Read Matthew 9
Not everyone who followed Jesus was a fisherman. Jesus came upon a certain tax collector named Levi or Matthew. Nobody liked tax collectors. There was no IRS schedule that determined how much tax you paid. There were no tax brackets. There were no tax deductions.
There was the tax collector. He paid an amount agreed upon with those in power and then he taxed people with whatever he thought was appropriate. I do not use the word fair.
The tax collector assessed and collected the tax based upon his perception of what was fair, mostly fair to him. It could be a lucrative business, if you had the gumption to be hated by just about everyone except for your fellow tax collectors.
You had to have some business smarts and some negotiation skills and even some poker skills. You might have to bluff every now and then. The Romans would not want a tax collector who had to ask the governor to send soldiers because people wouldn’t cough up the tax, but you had to have the nerves to make people feel like you would do just that.
If you were a people person, this probably was not a good line of work for you.
Jesus came to Matthew and said, “Follow me.” We get no additional details. There is no witty saying to put on tee shirts. Follow me and you can collect taxes in heaven.
It was just follow me. Matthew got up and followed Jesus. This was a man who surely estimated cost and profit with every transaction; yet, he simply got up and followed Jesus.

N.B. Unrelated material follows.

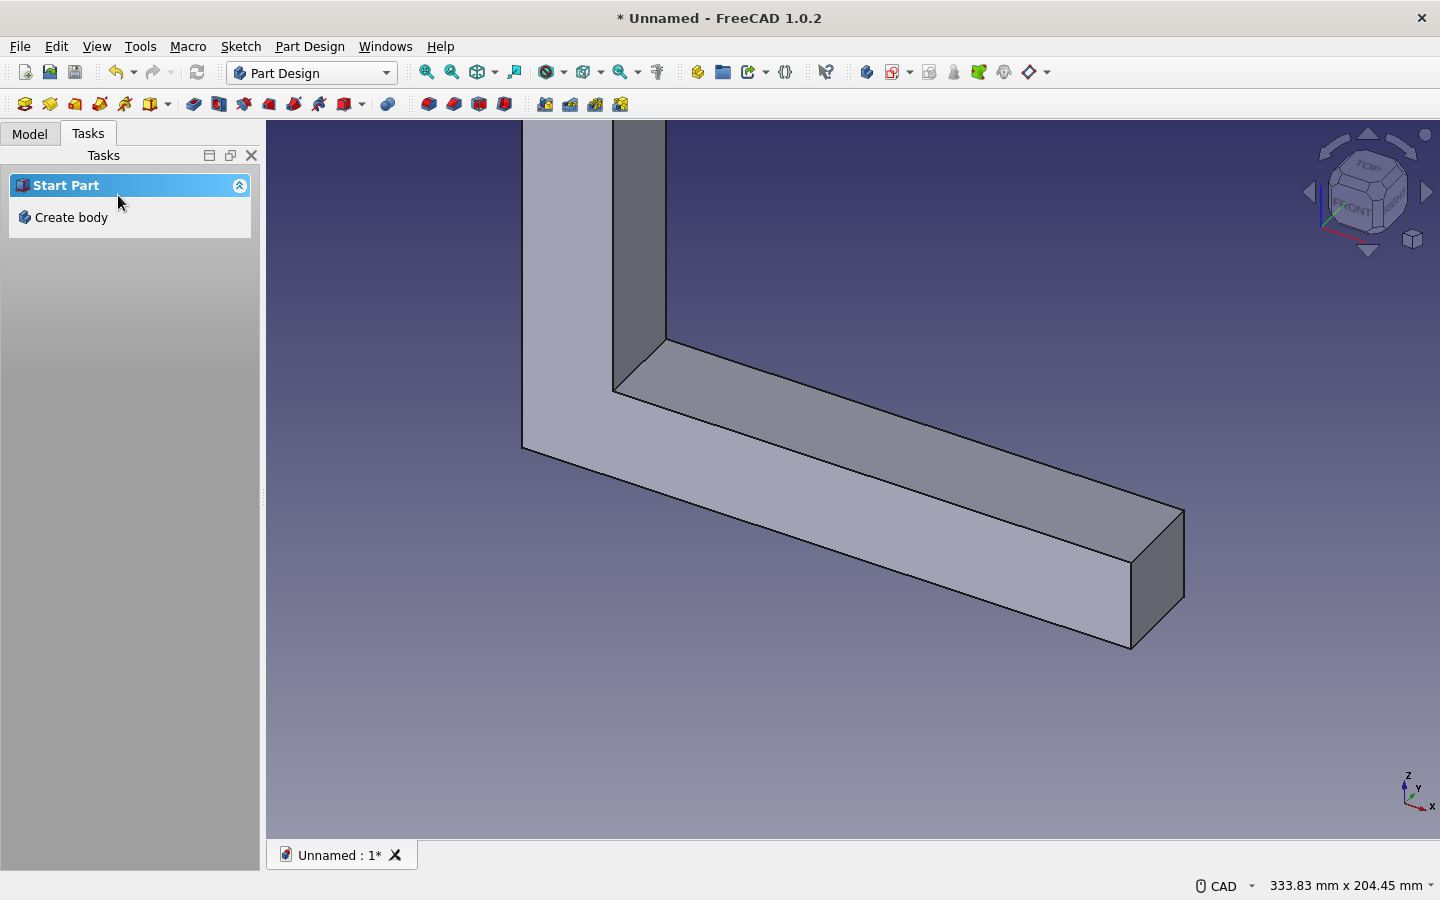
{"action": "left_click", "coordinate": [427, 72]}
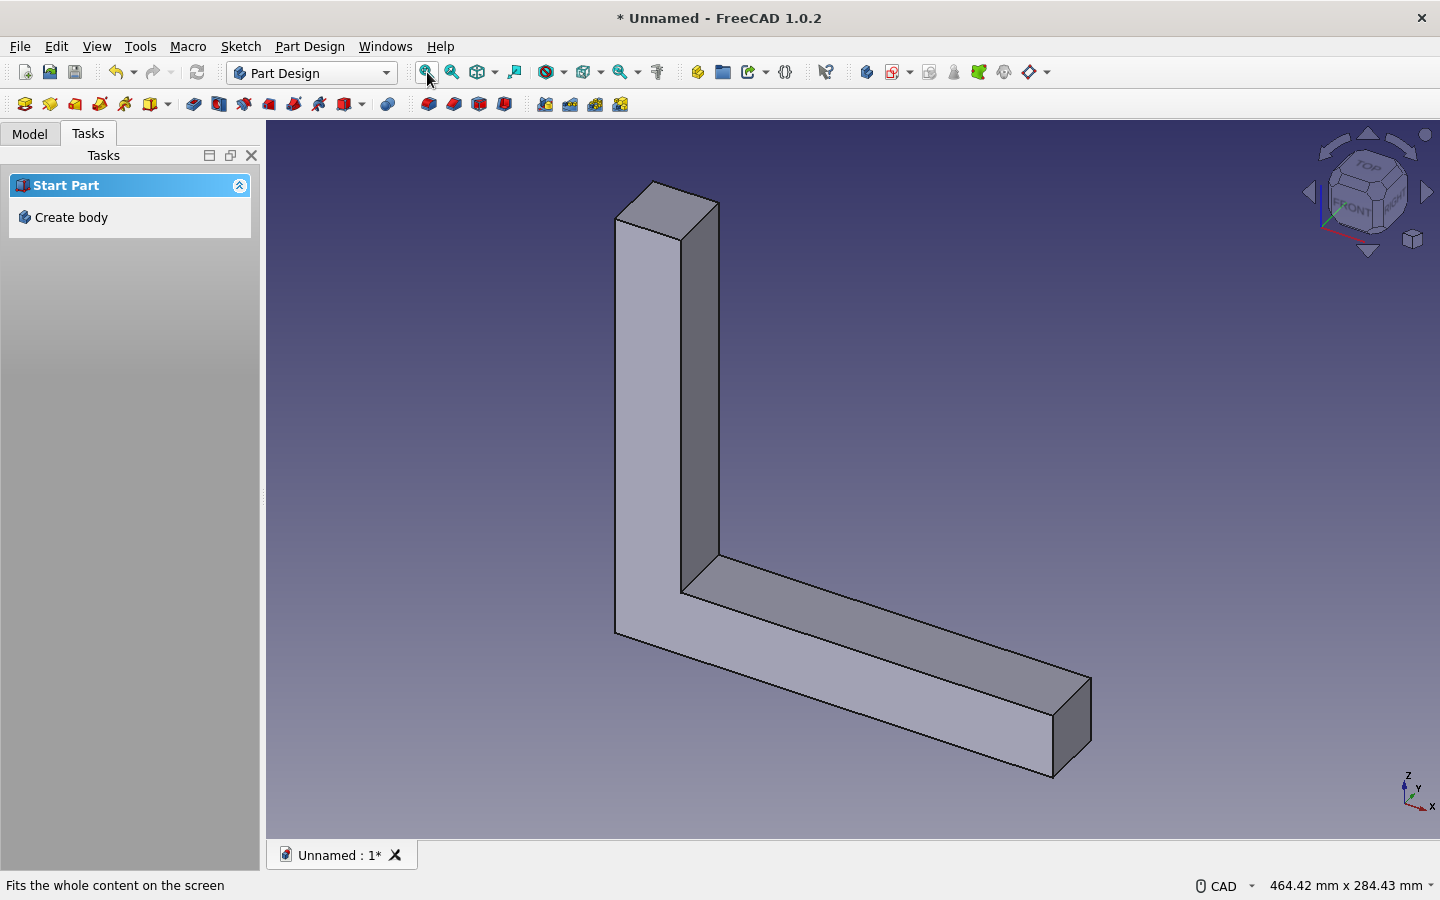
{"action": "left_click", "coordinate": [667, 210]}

The next thing we read is that Jesus is at Matthew’s house eating with other tax collectors and a group that gets lumped together called sinners.
This surely got under the skin of the Pharisees. They asked the disciples why their teacher ate with such people. What’s up with that?

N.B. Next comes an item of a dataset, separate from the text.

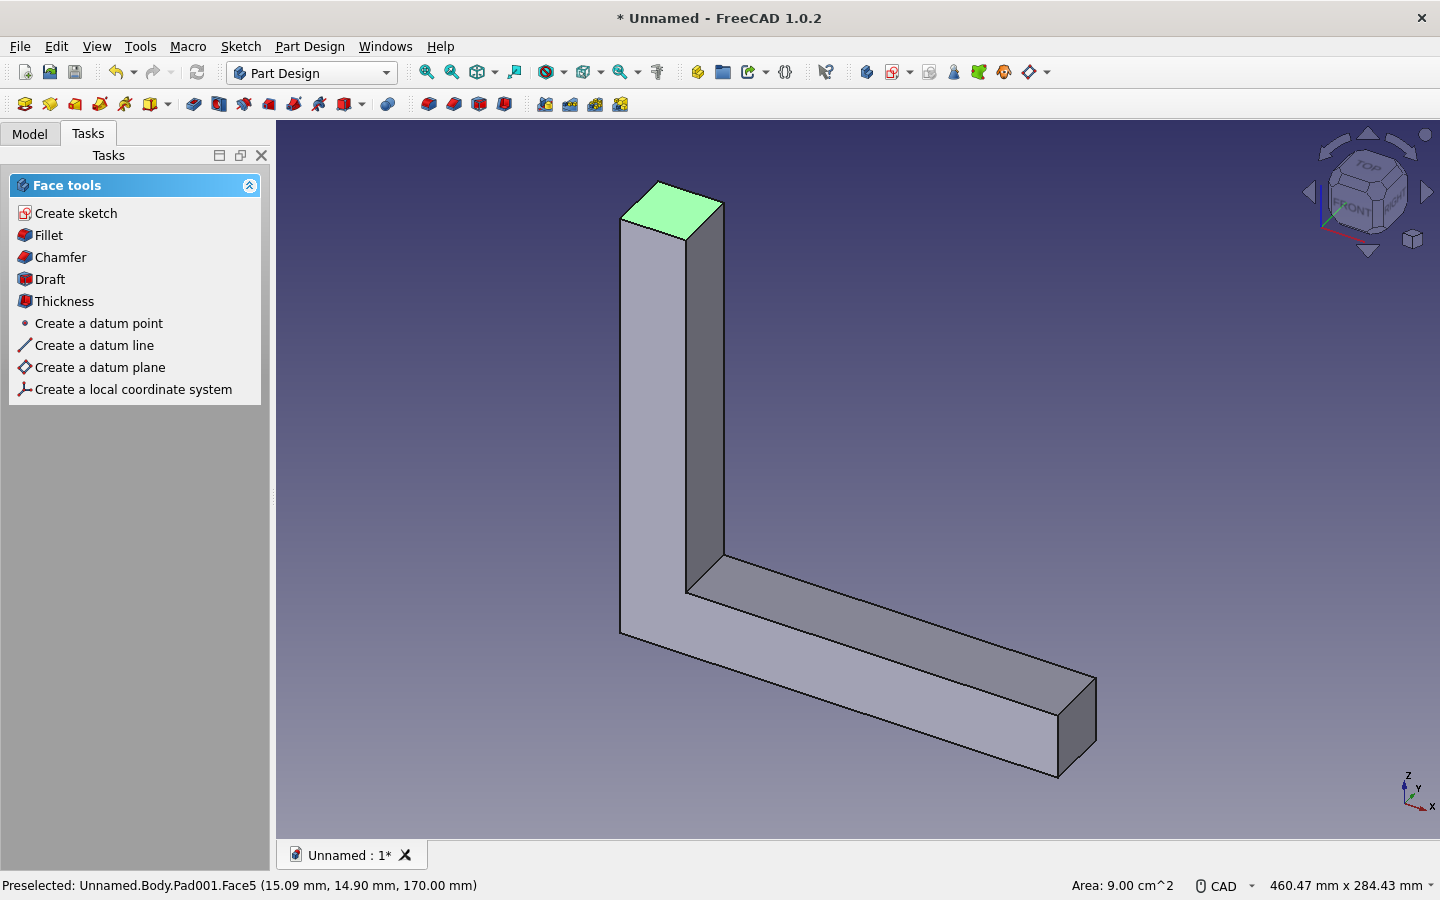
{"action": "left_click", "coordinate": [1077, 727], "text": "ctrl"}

Jesus heard this—maybe overheard this or heard it from his disciples, but this was not Jesus knowing what they were thinking. Thoughts became words this time. The Pharisees had some questions based in their own self-righteousness.
The answer is one we know well. “It’s not the healthy that need a doctor but the sick.” Jesus came to call sinners not the righteous.
He challenged the religious hypocrites once again with words they should have known.
For I desire mercy, not sacrifice,
and acknowledgment of God rather than burnt offerings.
Jesus had begun a course of chastising the Pharisees and other religious leaders that would reach its peak in chapter 23. The Pharisees could not see that Jesus was the one sent to save the world not condemn it. They only knew condemnation and they were good at condemning others.
They knew rules and penalties, and even added their own rules, thinking God’s insufficient on their own.
Jesus offered them some reconciliation here. He charged them to learn what this meant. Had they followed the counsel proffered, they might have acquired eyes to see and ears to hear what the one before them was doing.
They might have had a glimpse of the heart of God. Those who memorized the words but missed the love and compassion and holiness of God, would neither see nor hear the one whom God sent, nor would they obey what he told them to do.
“Go and learn what this means: ‘I desire mercy, not sacrifice.’”
We will take a single verse from John’s gospel to add context here.
For God did not send his Son into the world to condemn the world, but to save the world through him.
Jesus came to save the world, not to socialize with the religious hypocrites. He didn’t kick them to the curb, but challenged them to work on their own blindness.
God desires mercy not sacrifice. We know his mercy in his sacrifice for us. God wants us to know him, and acknowledge him, and worship him so much more than the sacrifices prescribed in the law he gave to Moses.
Praise the Lord that we have eyes to see God’s mercy in our Savior. Let us worship God in spirit and in truth and never just go through the motions.